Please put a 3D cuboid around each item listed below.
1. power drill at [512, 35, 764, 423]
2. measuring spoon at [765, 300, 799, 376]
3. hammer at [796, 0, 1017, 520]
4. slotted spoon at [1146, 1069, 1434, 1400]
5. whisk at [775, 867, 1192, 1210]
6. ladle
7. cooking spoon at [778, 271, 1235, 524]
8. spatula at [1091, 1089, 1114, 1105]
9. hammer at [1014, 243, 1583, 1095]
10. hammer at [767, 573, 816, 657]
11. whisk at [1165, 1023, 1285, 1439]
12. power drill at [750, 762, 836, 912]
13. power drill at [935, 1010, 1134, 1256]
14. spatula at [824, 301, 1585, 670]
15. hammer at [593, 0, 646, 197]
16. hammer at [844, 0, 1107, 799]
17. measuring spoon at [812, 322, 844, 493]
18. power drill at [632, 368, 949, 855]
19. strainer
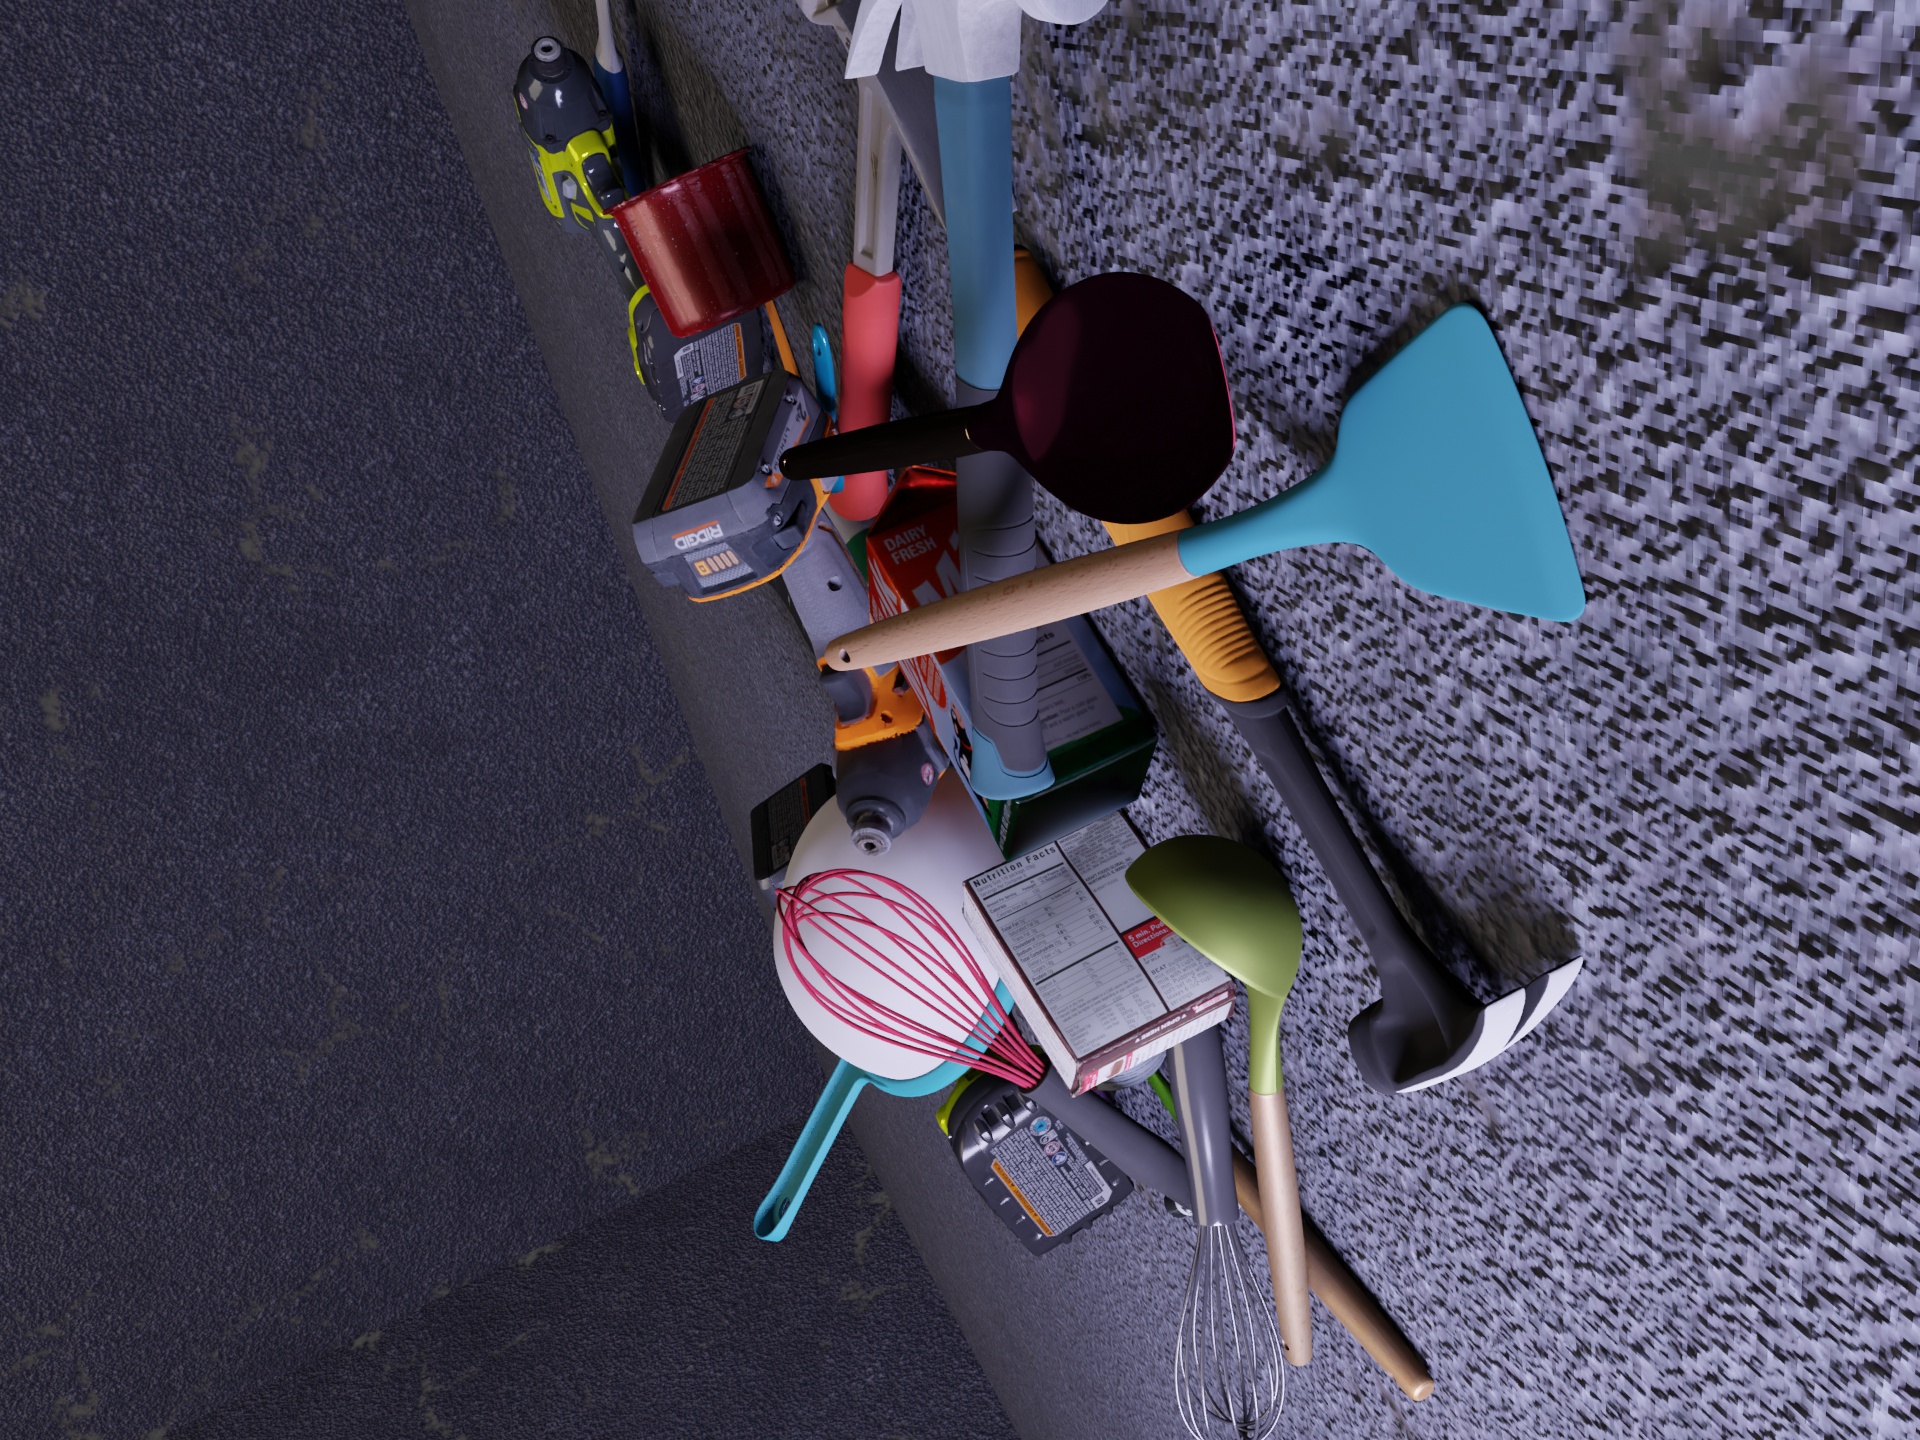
[{"bbox_3d":[-0.220,-0.325,1.049,0.223,0.080,0.171,58,168,10],"label":"power drill"},{"bbox_3d":[-0.122,-0.252,1.024,0.021,0.011,0.116,36,148,65],"label":"measuring spoon"},{"bbox_3d":[-0.039,-0.187,0.768,0.149,0.036,0.359,62,166,17],"label":"hammer"},{"bbox_3d":[0.137,0.227,0.825,0.314,0.031,0.070,45,164,51],"label":"slotted spoon"},{"bbox_3d":[0.023,0.165,0.788,0.295,0.073,0.073,40,176,-21],"label":"whisk"},{"bbox_3d":[0.124,0.181,0.688,0.078,0.062,0.319,-132,24,-55],"label":"ladle"},{"bbox_3d":[-0.002,-0.098,0.539,0.319,0.017,0.068,10,116,63],"label":"cooking spoon"},{"bbox_3d":[0.065,0.197,0.947,0.060,0.018,0.315,57,176,36],"label":"spatula"},{"bbox_3d":[0.087,-0.034,0.549,0.337,0.034,0.127,62,167,17],"label":"hammer"},{"bbox_3d":[-0.063,0.009,1.199,0.409,0.036,0.149,58,164,30],"label":"hammer"},{"bbox_3d":[0.121,0.241,0.775,0.055,0.055,0.239,176,87,-76],"label":"whisk"},{"bbox_3d":[-0.064,0.137,1.213,0.226,0.084,0.186,51,-170,-27],"label":"power drill"},{"bbox_3d":[0.024,0.231,1.032,0.190,0.080,0.229,57,177,-30],"label":"power drill"},{"bbox_3d":[0.047,-0.046,0.506,0.317,0.044,0.082,-13,104,48],"label":"spatula"},{"bbox_3d":[-0.238,-0.458,1.068,0.144,0.035,0.405,63,166,12],"label":"hammer"},{"bbox_3d":[0.011,-0.109,0.566,0.128,0.033,0.330,43,145,49],"label":"hammer"},{"bbox_3d":[-0.079,-0.161,0.832,0.042,0.021,0.128,60,165,22],"label":"measuring spoon"},{"bbox_3d":[-0.071,-0.046,0.822,0.226,0.084,0.164,57,-151,-36],"label":"power drill"},{"bbox_3d":[-0.079,0.168,0.966,0.340,0.095,0.211,-63,33,10],"label":"strainer"}]
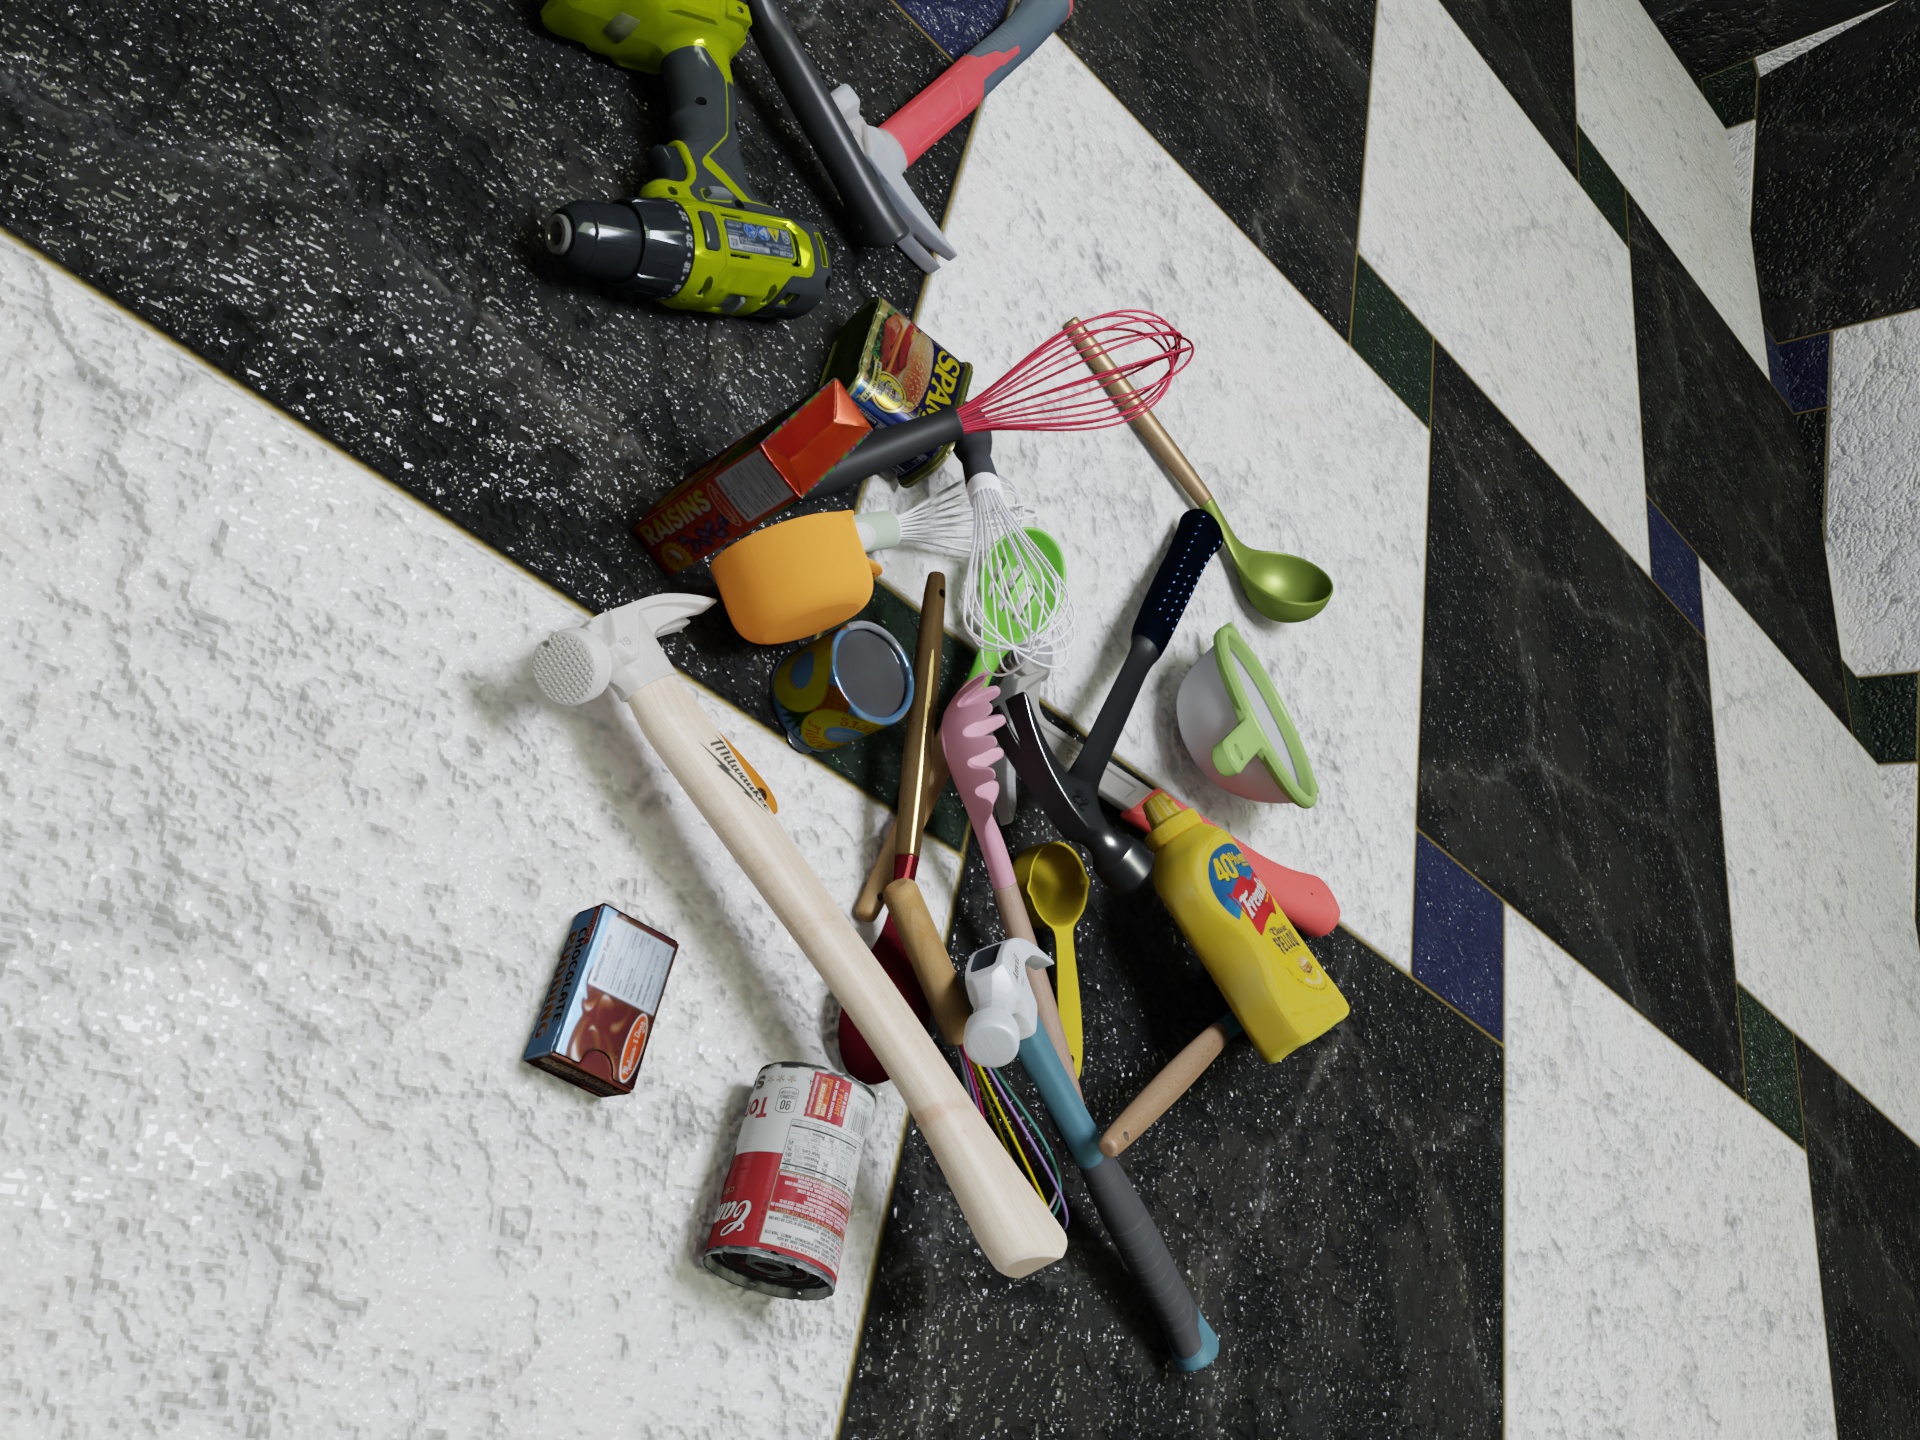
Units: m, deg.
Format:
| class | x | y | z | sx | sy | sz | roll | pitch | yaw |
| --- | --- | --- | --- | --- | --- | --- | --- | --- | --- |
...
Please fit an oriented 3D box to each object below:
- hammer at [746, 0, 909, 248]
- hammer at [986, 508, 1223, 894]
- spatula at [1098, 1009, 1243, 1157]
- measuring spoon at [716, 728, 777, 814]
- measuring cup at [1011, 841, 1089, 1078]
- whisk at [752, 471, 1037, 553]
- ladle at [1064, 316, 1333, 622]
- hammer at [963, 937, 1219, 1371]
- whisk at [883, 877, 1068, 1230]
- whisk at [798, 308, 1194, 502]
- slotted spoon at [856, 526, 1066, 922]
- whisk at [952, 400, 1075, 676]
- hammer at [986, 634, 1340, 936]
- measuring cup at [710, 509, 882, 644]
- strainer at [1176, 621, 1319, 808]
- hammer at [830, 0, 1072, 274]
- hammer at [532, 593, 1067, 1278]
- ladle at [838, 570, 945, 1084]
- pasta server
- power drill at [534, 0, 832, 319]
| class | x | y | z | sx | sy | sz | roll | pitch | yaw |
| --- | --- | --- | --- | --- | --- | --- | --- | --- | --- |
| hammer | -0.128 | -0.468 | 1.057 | 0.035 | 0.146 | 0.334 | -42 | 114 | -26 |
| hammer | 0.127 | -0.051 | 1.143 | 0.144 | 0.035 | 0.406 | 49 | 37 | -14 |
| spatula | 0.150 | 0.218 | 1.035 | 0.317 | 0.044 | 0.082 | -19 | 88 | -60 |
| measuring spoon | -0.140 | 0.010 | 0.902 | 0.116 | 0.011 | 0.021 | 51 | 45 | -17 |
| measuring cup | 0.059 | 0.158 | 1.038 | 0.062 | 0.029 | 0.156 | -1 | 85 | -46 |
| whisk | -0.041 | -0.126 | 1.041 | 0.246 | 0.059 | 0.057 | -16 | 112 | -44 |
| ladle | 0.196 | -0.207 | 1.310 | 0.320 | 0.062 | 0.078 | 50 | 37 | -14 |
| hammer | 0.083 | 0.268 | 0.949 | 0.128 | 0.033 | 0.330 | -82 | 148 | -64 |
| whisk | 0.007 | 0.199 | 0.919 | 0.047 | 0.051 | 0.244 | -68 | 138 | -67 |
| whisk | 0.016 | -0.197 | 1.018 | 0.296 | 0.073 | 0.073 | -22 | 88 | -10 |
| slotted spoon | -0.002 | -0.003 | 1.024 | 0.070 | 0.031 | 0.314 | 43 | 53 | -25 |
| whisk | 0.019 | -0.127 | 1.007 | 0.070 | 0.070 | 0.285 | 32 | 28 | -32 |
| hammer | 0.154 | 0.083 | 1.152 | 0.358 | 0.037 | 0.149 | 32 | 52 | -31 |
| measuring cup | -0.078 | -0.077 | 0.952 | 0.173 | 0.095 | 0.052 | 5 | 64 | -68 |
| strainer | 0.191 | 0.018 | 1.156 | 0.151 | 0.069 | 0.256 | 63 | 20 | 0 |
| hammer | 0.017 | -0.496 | 1.266 | 0.143 | 0.038 | 0.386 | 51 | 44 | -18 |
| hammer | -0.067 | 0.112 | 0.846 | 0.410 | 0.038 | 0.146 | 56 | 23 | -1 |
| ladle | -0.029 | 0.057 | 0.949 | 0.069 | 0.031 | 0.316 | 25 | 63 | -45 |
| pasta server | 0.042 | 0.125 | 0.981 | 0.060 | 0.040 | 0.316 | -62 | 136 | -76 |
| power drill | -0.184 | -0.361 | 0.975 | 0.190 | 0.080 | 0.228 | -7 | 81 | -47 |
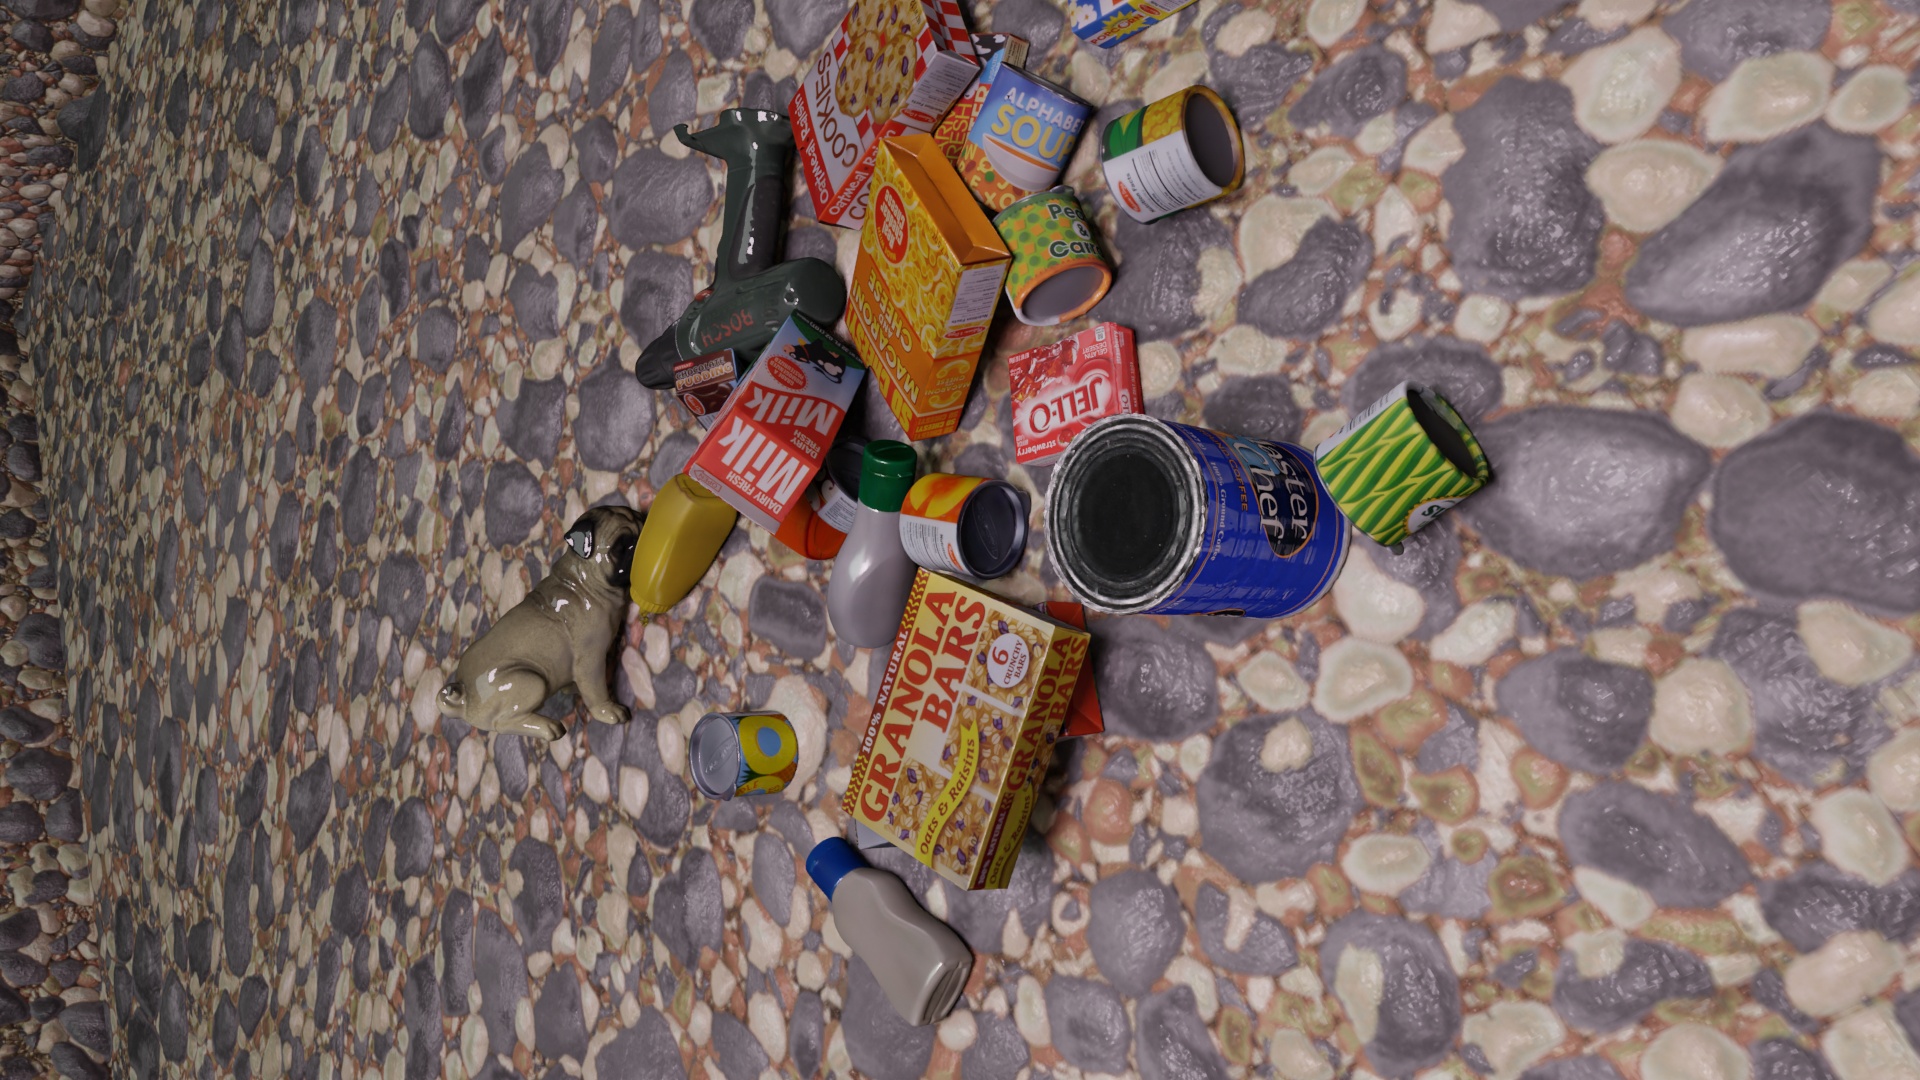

□ □ □ □

Your goal:
Pull every line containing the word "each" out of the material and copy it.

Response to the exercise:
Please put a 3D cuboid around each item listed below.
Please fit an oriented 3D box to each object below:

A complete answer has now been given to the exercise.